It was a game changer!
The next winter, I was mentally prepared, because I had practiced visualizing myself skiing down the mountain. This might sound hokey to some, but research supports the notion of using visualization to reach your goals.
What is Visualization?
According to Merriam-Webster, visualization means “formation of mental visual images.” Notice the phrase, “formation of,” which means that you are taking action and creating the visual images.
According to scientists, our brains can’t always tell the difference between reality and something we make up in our heads. For example, in one review of the literature, study authors concluded that “mental images seem to behave much like weak versions of externally triggered perceptual representations.” Researchers found that functional brain imaging work supported the behavioral evidence of participants “by demonstrating that common sets of neural structures are employed during both events.”
In other words, imagining something and actually doing that thing stimulates the same parts of the brain.
Another study concluded that repeatedly imagining a future event—like me skiing down the mountain—increases the likelihood of it happening (and it did!). Similarly, other research shows that imagined rehearsal of an action increases the chances of that person completing that action.
None of this is a surprise to most athletes. Watch downhill skiers at the top of the mountain before their run. While they may look like they’re rocking out to some tunes with their eyes closed and earbuds in, they may actually be visualizing the course—the composition of the course, how they’ll take every turn, moving their body with the turns, what it all feels like. By the time they’re speeding down the hill, they’ve already rehearsed it repeatedly in their heads, making it a familiar scene to their brain and increasing their chances of success.
Michael Phelps, arguably the greatest swimmer of all time and holder of the most medals in Olympic history, has been following a pre-competition visualization and relaxation routine since he started working with his long-time trainer, Bob Bowman, at age 11. Not only does Phelps visualize the race, he imagines what might go wrong and how to prepare for it.
Visualization may go even further. Imagine gaining muscle mass by doing “mental contractions,” but no actual physical contractions. In separate studies, published in the journals Frontiers in Psychology and the Journal of Neurophysiology, researchers reported similar findings: Imagining a muscle flexing stimulates the cortical part of the brain, which is related to movement, which, in turn, achieved actual physical strength gains.
Participants in another study experienced remarkable gains in finger and elbow strength simply by performing “mental contractions.” While the group performing actual physical exercise showed a 53% increase in finger strength, the group that simply imagined doing the exercises increased finger and elbow strength by 35% and 13.5%, respectively.
“This [research] provides hard evidence for something sports psychologists have long understood,” writes Tara Swart, MD, PhD, in her book, The Source. Swart, a neuroscientist and senior lecturer at MIT, says that the brain-body connection is enhanced when we create a mental image of the things we want to achieve while also matching visualizations with simulated physical sensations. “Bringing together a physical and a mental trigger will activate the body as well as the brain, forming double the reinforcement for the desired outcome,” explains Swart.

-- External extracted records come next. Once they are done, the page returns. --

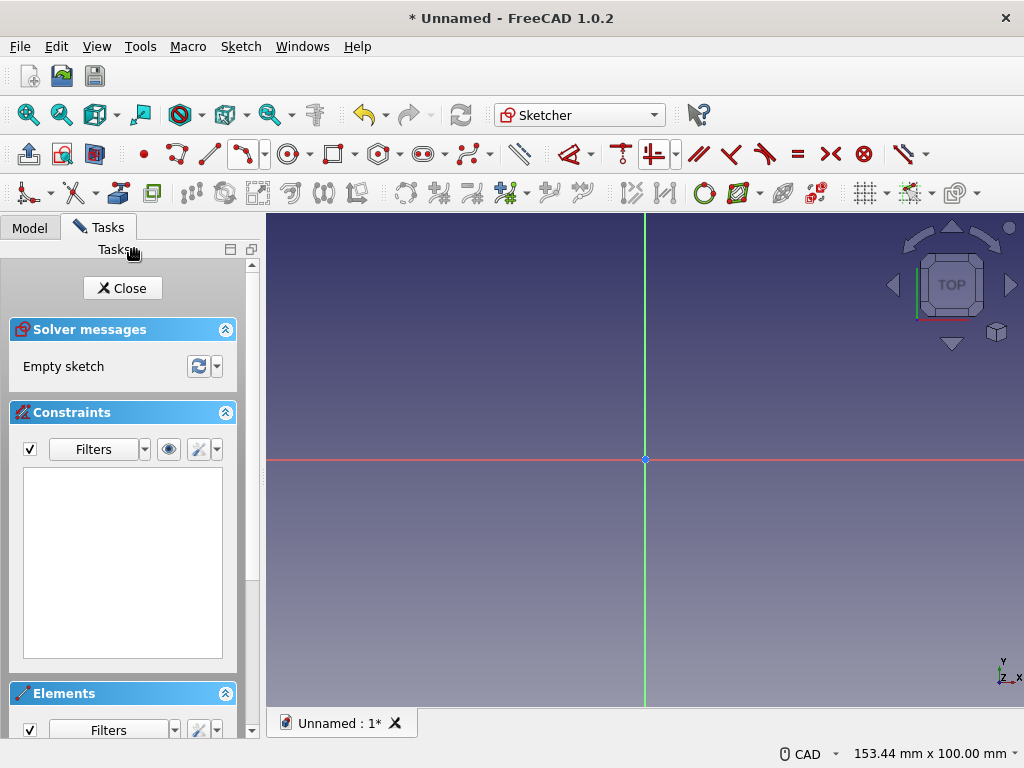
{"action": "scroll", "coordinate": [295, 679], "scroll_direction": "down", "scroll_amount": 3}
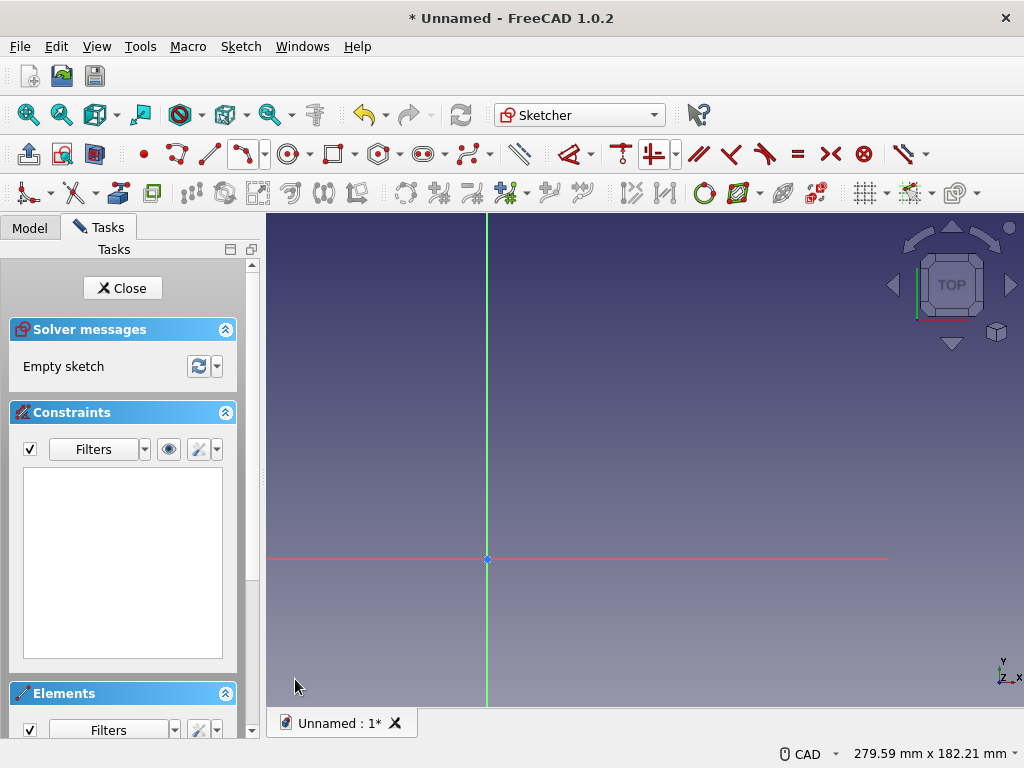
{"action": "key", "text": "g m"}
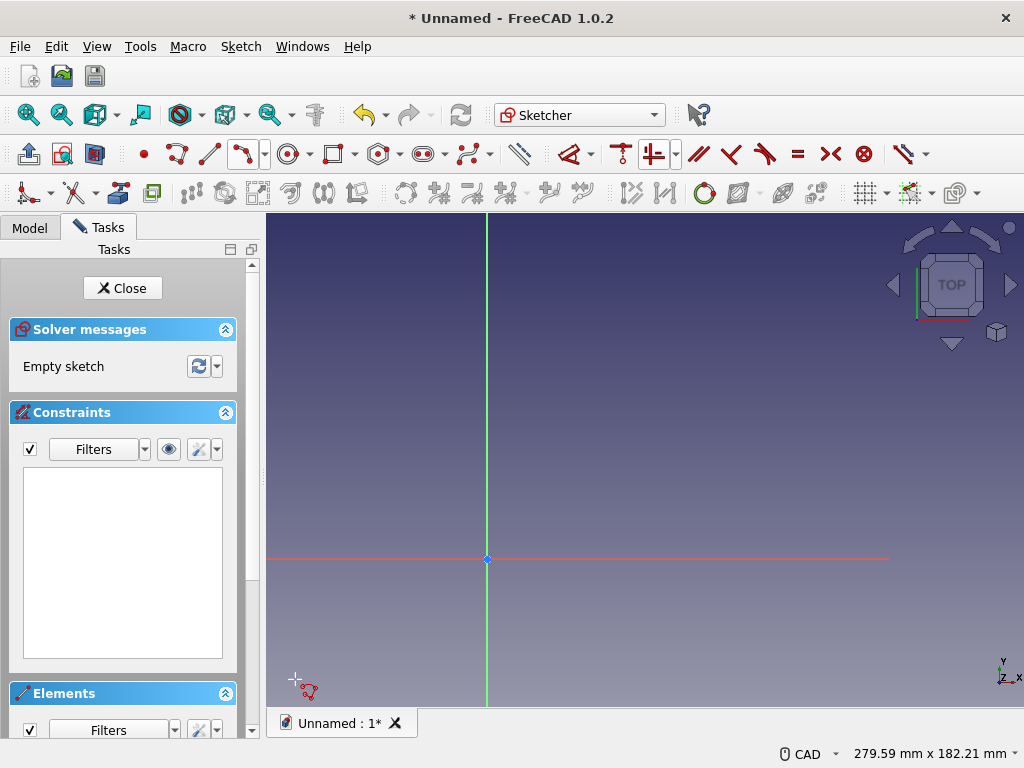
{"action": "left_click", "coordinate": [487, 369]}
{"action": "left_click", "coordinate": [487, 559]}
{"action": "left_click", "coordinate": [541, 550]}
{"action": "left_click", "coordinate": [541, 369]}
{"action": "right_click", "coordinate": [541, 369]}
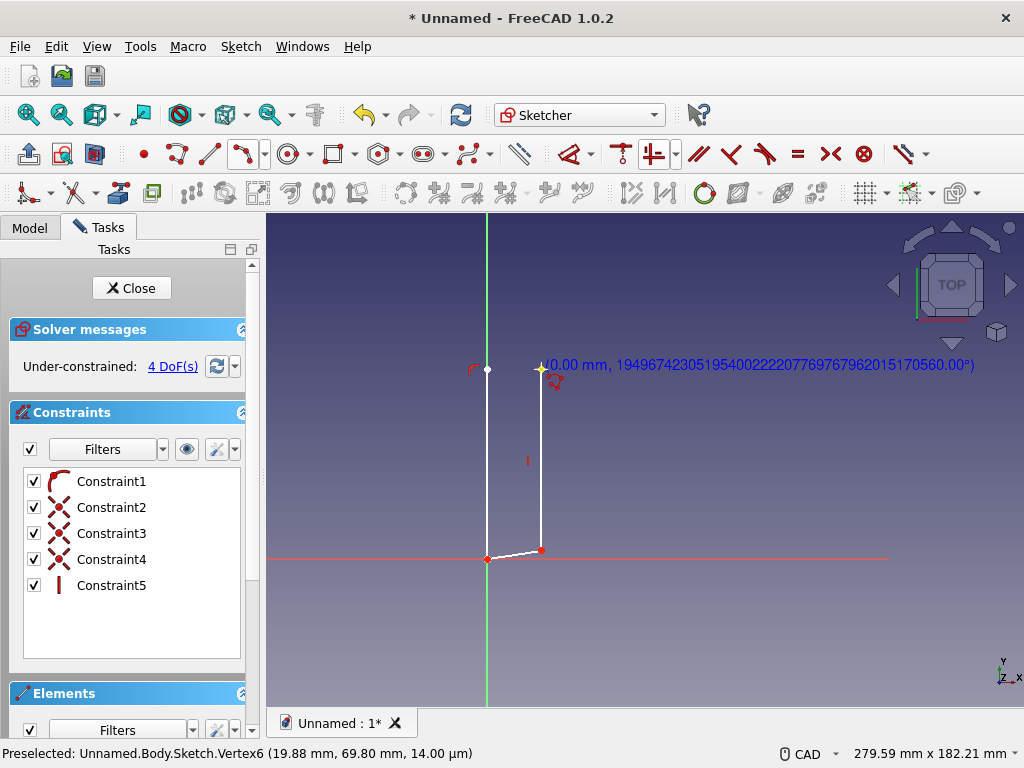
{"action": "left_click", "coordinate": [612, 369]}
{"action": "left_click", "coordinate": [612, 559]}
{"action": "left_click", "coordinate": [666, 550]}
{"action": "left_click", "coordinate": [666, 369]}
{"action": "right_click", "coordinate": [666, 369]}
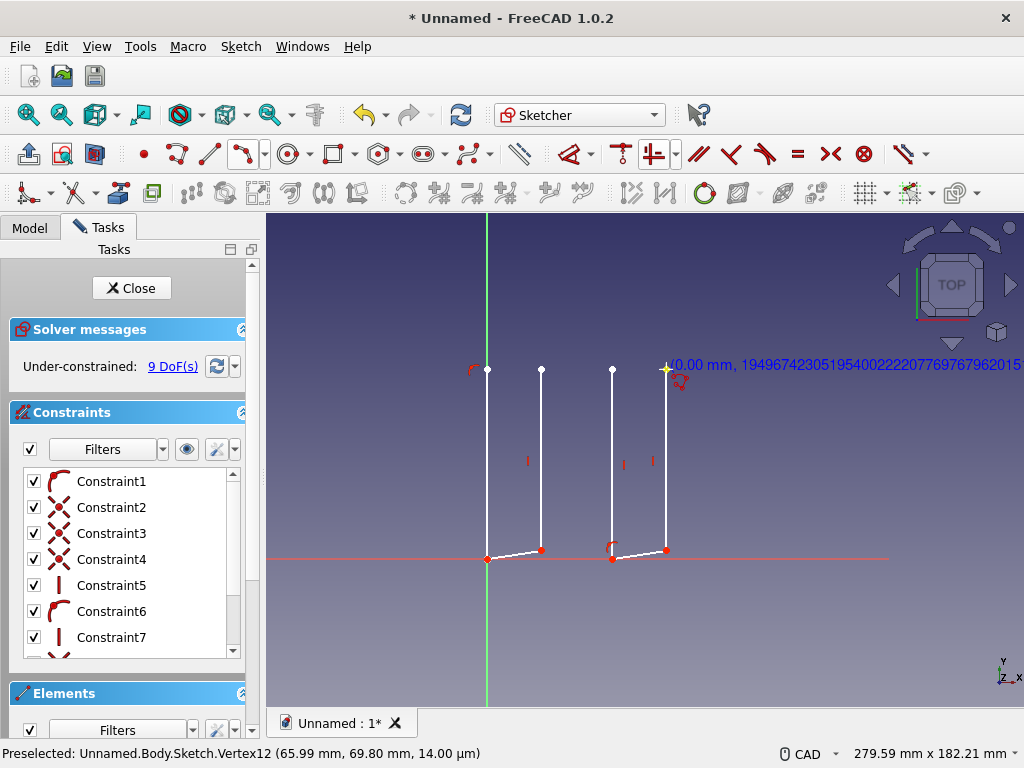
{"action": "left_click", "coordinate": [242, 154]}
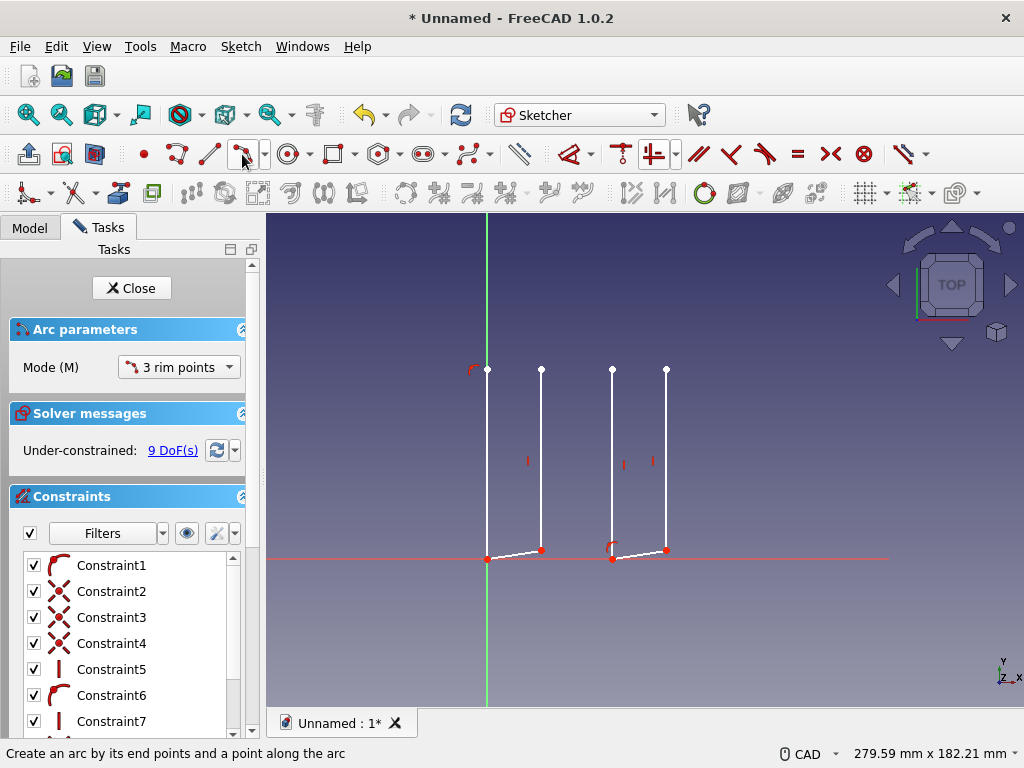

How Can You Use Visualization in Your Health Coach Practice?
If you already meditate or use it with your clients, there’s a good chance you may also be practicing visualization on some level, as there are definitely areas of overlap between the two.
For example, one exercise I use with my clients is to have them sit or lie comfortably, eyes closed, while performing deep breathing. I tell them to envision breathing in safety, calmness, healing, peace and confidence into their bodies, and exhaling pain, fear, anxiety, self-doubt (or whatever they’re struggling with) out of their bodies. With each inhalation, they envision the healing, peace, calmness, safety and confidence taking up more and more space within their bodies, leaving less room for the other stuff, until they are completely filled with “the good stuff.” I encourage them to relax into this feeling for a bit, while continuing the deep breathing, as this helps to stimulate the vagus nerve and parasympathetic nervous system.
Matt Hooper, a certified health coach, takes a similar approach to visualization. “I like to use the meditation approach [to visualization],” he says. “We start off with relaxing and sinking into our environment while using slow, focused breathing. I utilize deep breathing for visualization and mental rehearsal.”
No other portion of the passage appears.